This assignment revisits a previous analysis of mentally unhealthy days using the Diabetes Health Indicators dataset. In Assignment 6, we used count data models to assess how health and lifestyle factors such as high blood pressure, age, and physical activity impact mental health. Here, we improve the presentation by integrating formal model summaries, well-structured tables, and proper citations using the modelsummary
and tinytable
packages.
# Load and clean data
diabetes <- read_csv("Diabetes Health Indicators.csv") |> clean_names()
# Subset and format relevant variables
diabetes_model <- diabetes |>
dplyr::select(ment_hlth, high_bp, age, phys_activity) |>
drop_na() |>
mutate(
high_bp = factor(high_bp, labels = c("No", "Yes")),
phys_activity = factor(phys_activity, labels = c("No", "Yes")),
age = as.numeric(age)
)
Below is a summary of key variables used in the analysis, including mentally unhealthy days and primary predictors
datasummary_skim(diabetes_model)
Unique | Missing Pct. | Mean | SD | Min | Median | Max | Histogram | |
---|---|---|---|---|---|---|---|---|
ment_hlth | 31 | 0 | 3.2 | 7.4 | 0.0 | 0.0 | 30.0 | |
age | 13 | 0 | 8.0 | 3.1 | 1.0 | 8.0 | 13.0 | |
N | % | |||||||
high_bp | No | 144851 | 57.1 | |||||
Yes | 108829 | 42.9 | ||||||
phys_activity | No | 61760 | 24.3 | |||||
Yes | 191920 | 75.7 |
ggplot(diabetes_model, aes(x = ment_hlth)) +
geom_histogram(binwidth = 1, fill = "cadetblue") +
labs(
title = "Distribution of Mentally Unhealthy Days",
x = "Days", y = "Frequency"
) +
theme_minimal()
We estimate both Poisson and Negative Binomial models to account for overdispersion in the count outcome.
models <- list(
"Poisson" = poisson_model,
"Negative Binomial" = nb_model
)
modelsummary(models,
output = "markdown",
stars = TRUE,
statistic = "std.error",
gof_omit = "IC|Log|RMSE")
Poisson | Negative Binomial | |
---|---|---|
(Intercept) | 2.171*** | 2.261*** |
(0.003) | (0.020) | |
high_bpYes | 0.415*** | 0.392*** |
(0.002) | (0.013) | |
age | -0.101*** | -0.110*** |
(0.000) | (0.002) | |
phys_activityYes | -0.606*** | -0.628*** |
(0.002) | (0.014) | |
Num.Obs. | 253680 | 253680 |
F | 47553.921 | 1656.365 |
|
Standard errors are shown in parentheses. Significance levels are marked with stars.

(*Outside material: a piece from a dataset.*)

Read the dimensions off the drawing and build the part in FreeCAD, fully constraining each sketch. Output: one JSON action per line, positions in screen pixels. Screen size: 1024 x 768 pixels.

Physical activity is associated with significantly fewer mentally unhealthy days, across both models.
High blood pressure predicts more unhealthy days.

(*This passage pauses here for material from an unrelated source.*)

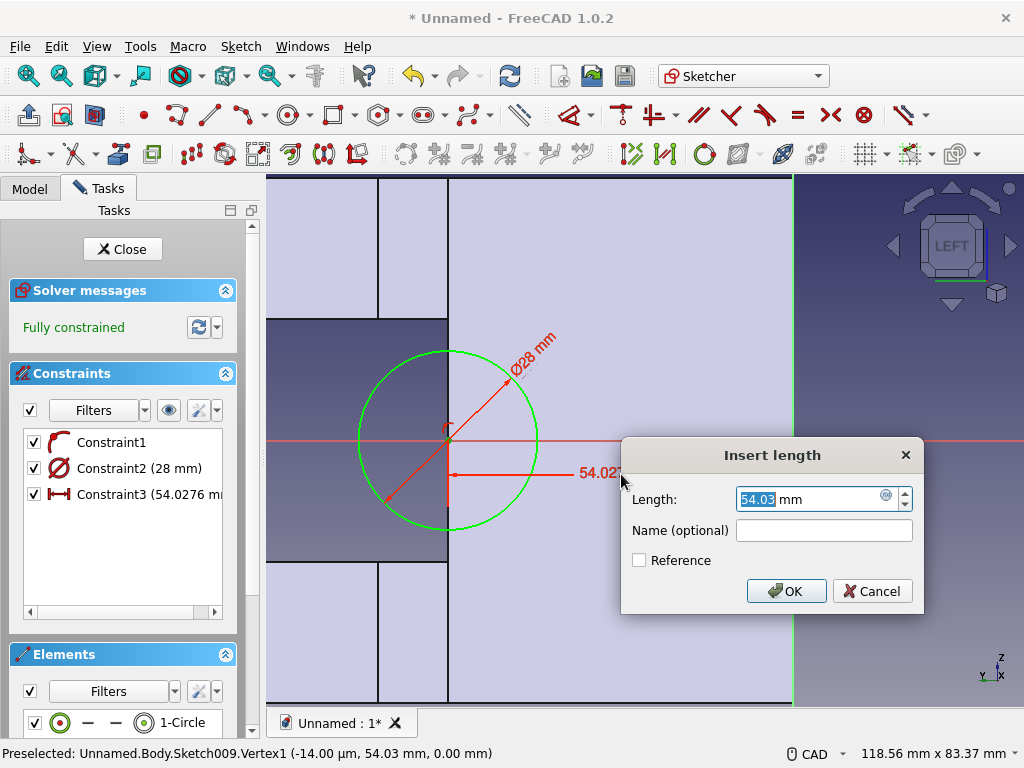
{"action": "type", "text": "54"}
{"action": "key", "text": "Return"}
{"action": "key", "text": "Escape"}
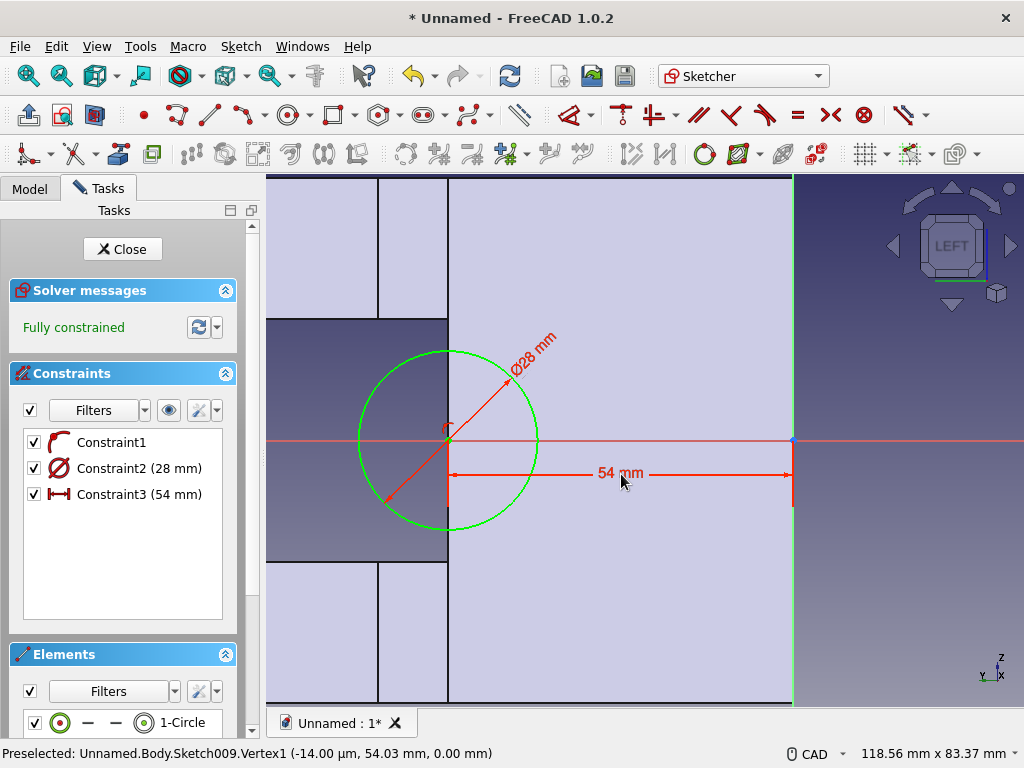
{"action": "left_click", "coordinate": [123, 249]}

Age has a small but statistically significant negative relationship, suggesting fewer mentally unhealthy days as age increases, although this may reflect differences in perception or reporting.

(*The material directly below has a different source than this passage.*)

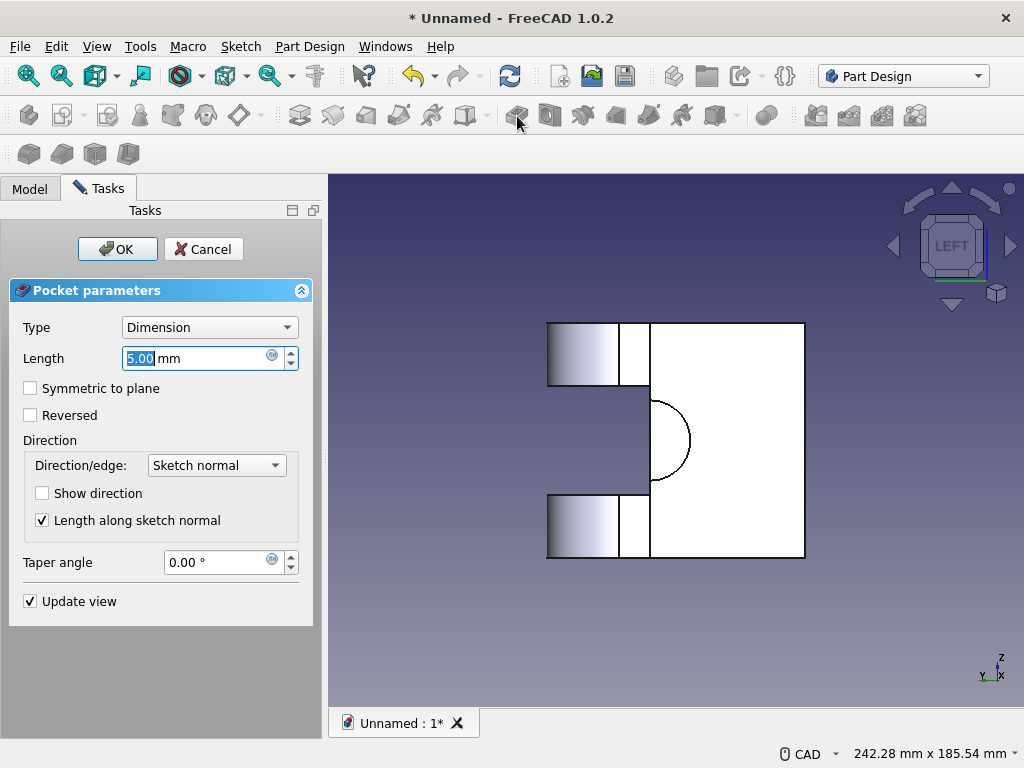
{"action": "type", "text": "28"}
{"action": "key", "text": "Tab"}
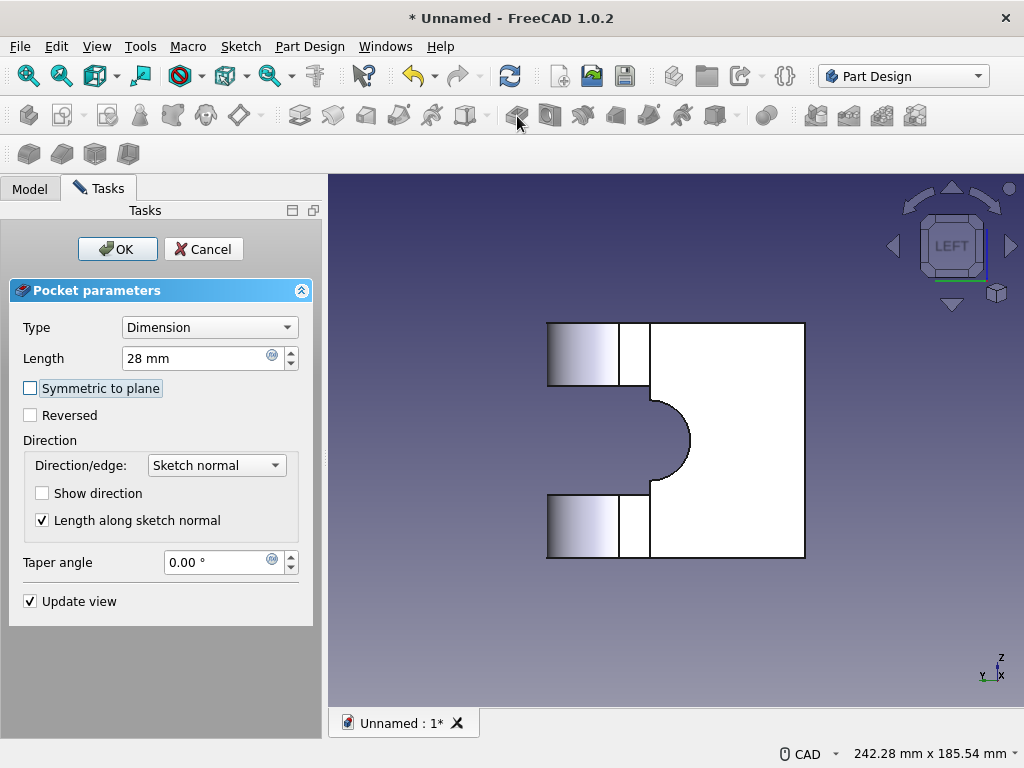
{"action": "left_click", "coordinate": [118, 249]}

The Negative Binomial model is better suited here due to evidence of overdispersion, confirmed in Assignment 6.
This assignment improved upon earlier work by using reproducible workflows to render clean summary statistics and model output tables. These tools, especially modelsummary
and tinytable
, enhance the clarity and interpretability of results in applied health research. By leveraging simulation-ready output and automated table generation, this workflow promotes transparency and consistency in applied health analytics.